*THE PROBLEM*
The records below are to be restated word for word, with their images omitted.

*STORED DATA*
BEGIN
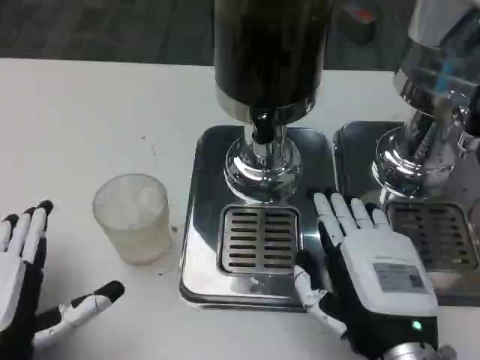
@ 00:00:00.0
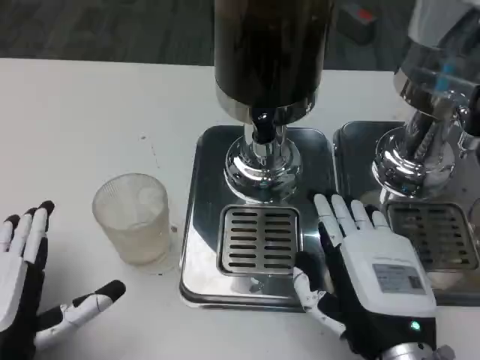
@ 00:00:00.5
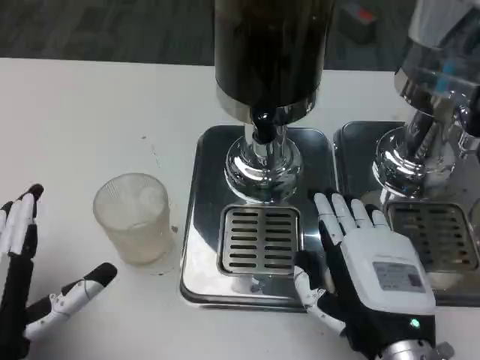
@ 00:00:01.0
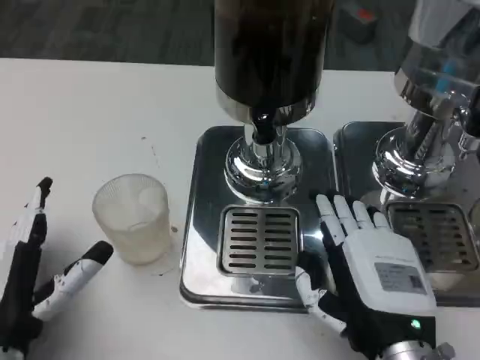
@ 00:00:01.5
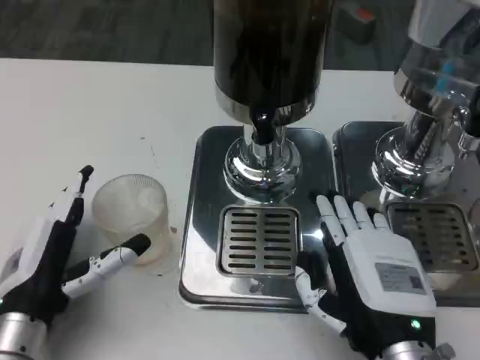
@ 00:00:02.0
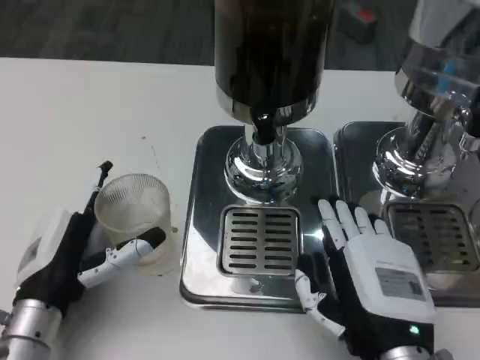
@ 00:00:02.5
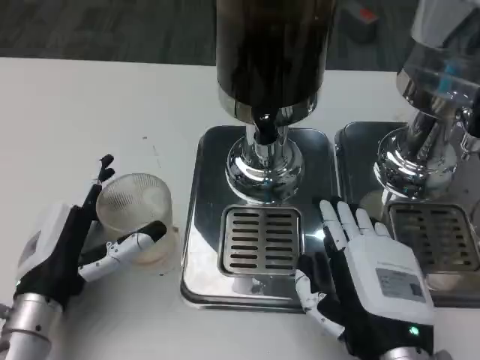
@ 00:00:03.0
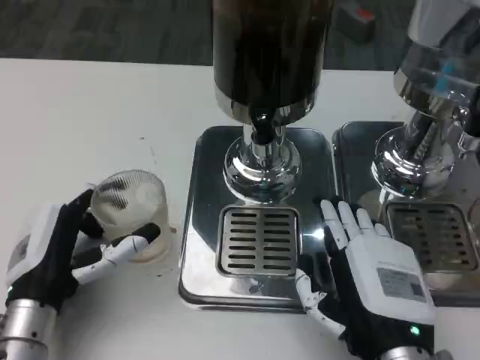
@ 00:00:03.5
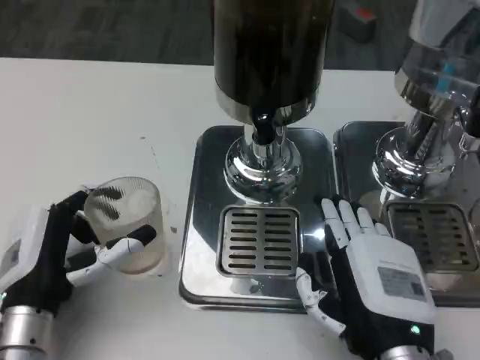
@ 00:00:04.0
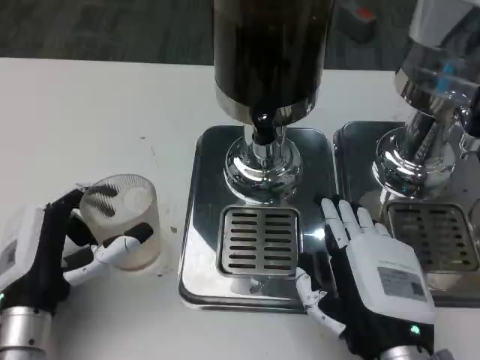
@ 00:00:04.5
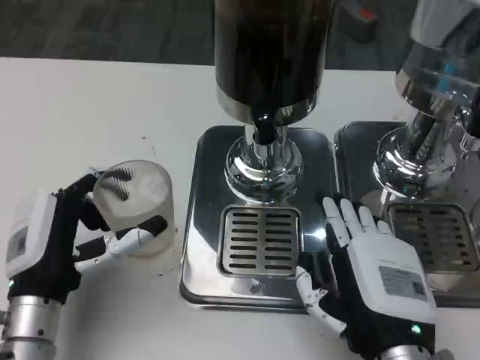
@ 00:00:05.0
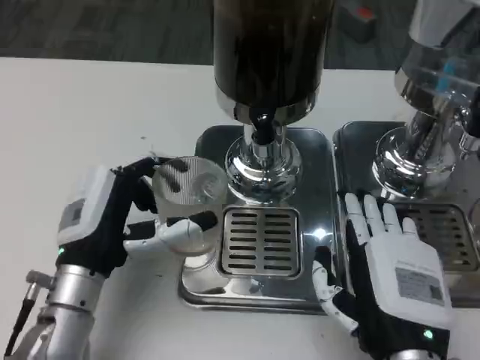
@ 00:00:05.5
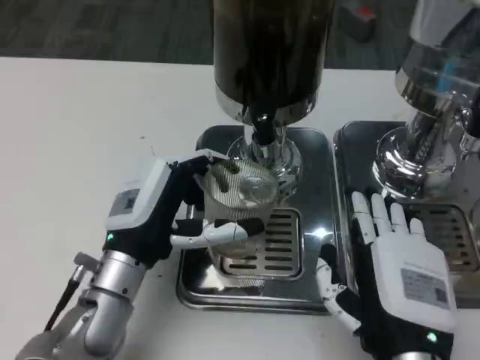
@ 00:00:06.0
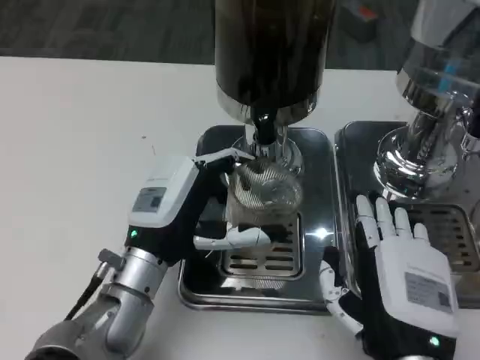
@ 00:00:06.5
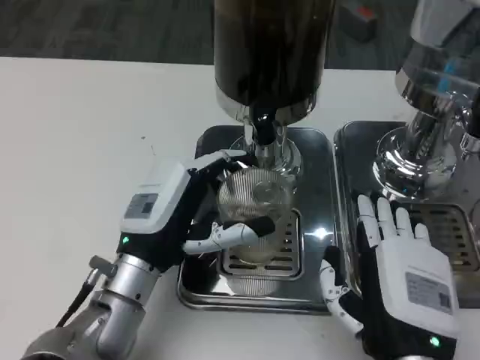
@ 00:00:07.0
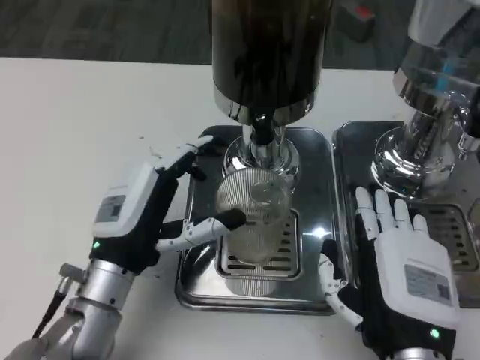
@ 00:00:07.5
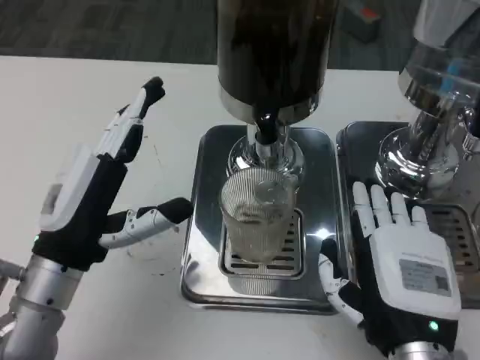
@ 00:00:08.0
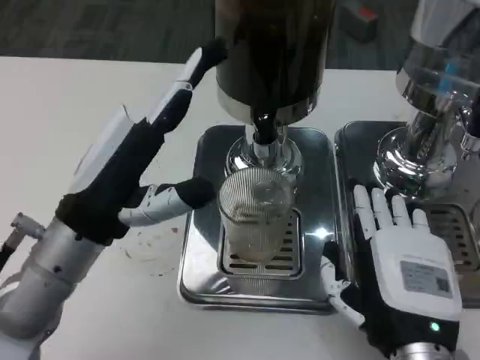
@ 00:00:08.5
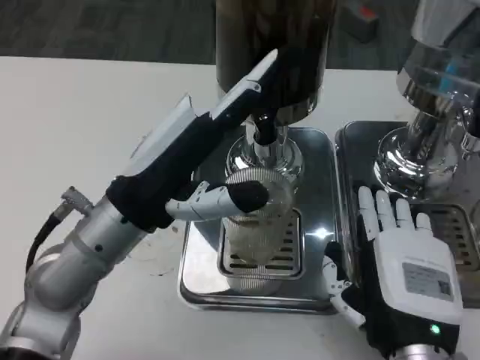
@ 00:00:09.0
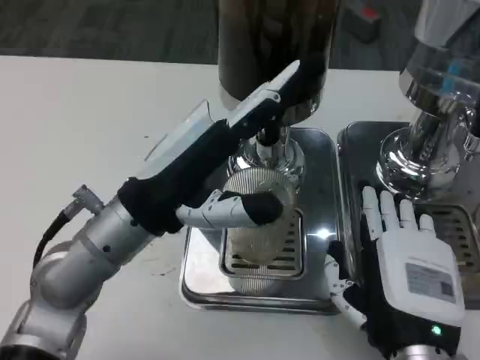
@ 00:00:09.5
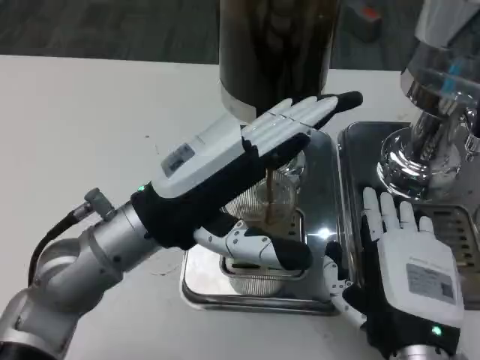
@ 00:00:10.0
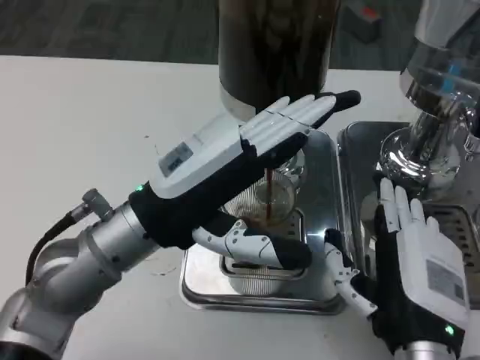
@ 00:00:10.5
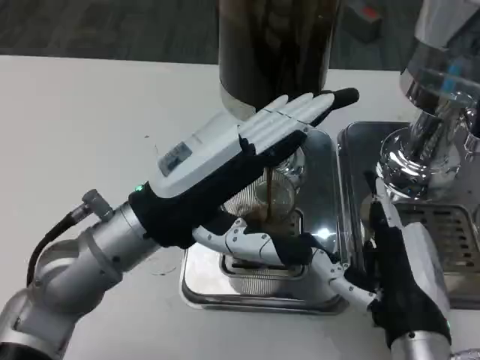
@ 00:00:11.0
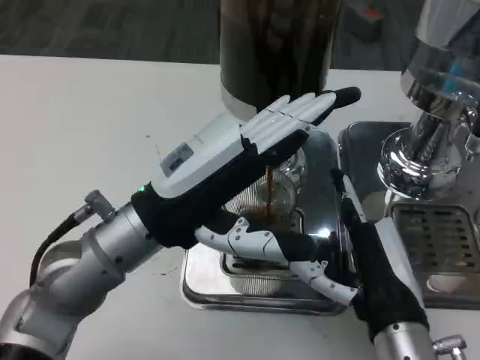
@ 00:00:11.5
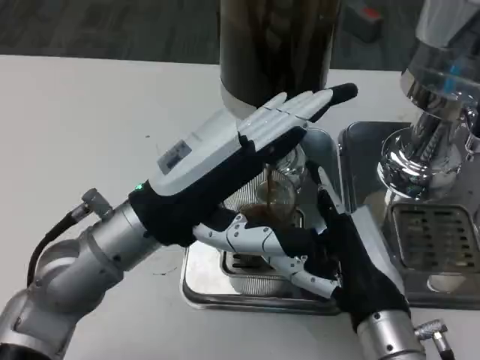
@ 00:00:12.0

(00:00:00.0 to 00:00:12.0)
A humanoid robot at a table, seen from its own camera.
Task of the whole recording: Grasp the cup under the faucet to collect the drink, then remove the cup.
00:00:00.0 - 00:00:02.0: The left hand goes roughly 5 cm forward.
00:00:02.0 - 00:00:04.0: The hands stay close to where they were, moving slightly.
00:00:04.0 - 00:00:06.0: The left hand goes some 10 cm to the right and forward.
00:00:06.0 - 00:00:08.0: The left hand goes roughly 5 cm to the left.
00:00:08.0 - 00:00:10.0: The left hand heads upward and to the right, covering approximately 10 cm.
END
*RESPONSE TO THIS TASK*
@ 00:00:00.0
@ 00:00:00.5
@ 00:00:01.0
@ 00:00:01.5
@ 00:00:02.0
@ 00:00:02.5
@ 00:00:03.0
@ 00:00:03.5
@ 00:00:04.0
@ 00:00:04.5
@ 00:00:05.0
@ 00:00:05.5
@ 00:00:06.0
@ 00:00:06.5
@ 00:00:07.0
@ 00:00:07.5
@ 00:00:08.0
@ 00:00:08.5
@ 00:00:09.0
@ 00:00:09.5
@ 00:00:10.0
@ 00:00:10.5
@ 00:00:11.0
@ 00:00:11.5
@ 00:00:12.0

(00:00:00.0 to 00:00:12.0)
A humanoid robot at a table, seen from its own camera.
Task of the whole recording: Grasp the cup under the faucet to collect the drink, then remove the cup.
00:00:00.0 - 00:00:02.0: The left hand goes roughly 5 cm forward.
00:00:02.0 - 00:00:04.0: The hands stay close to where they were, moving slightly.
00:00:04.0 - 00:00:06.0: The left hand goes some 10 cm to the right and forward.
00:00:06.0 - 00:00:08.0: The left hand goes roughly 5 cm to the left.
00:00:08.0 - 00:00:10.0: The left hand heads upward and to the right, covering approximately 10 cm.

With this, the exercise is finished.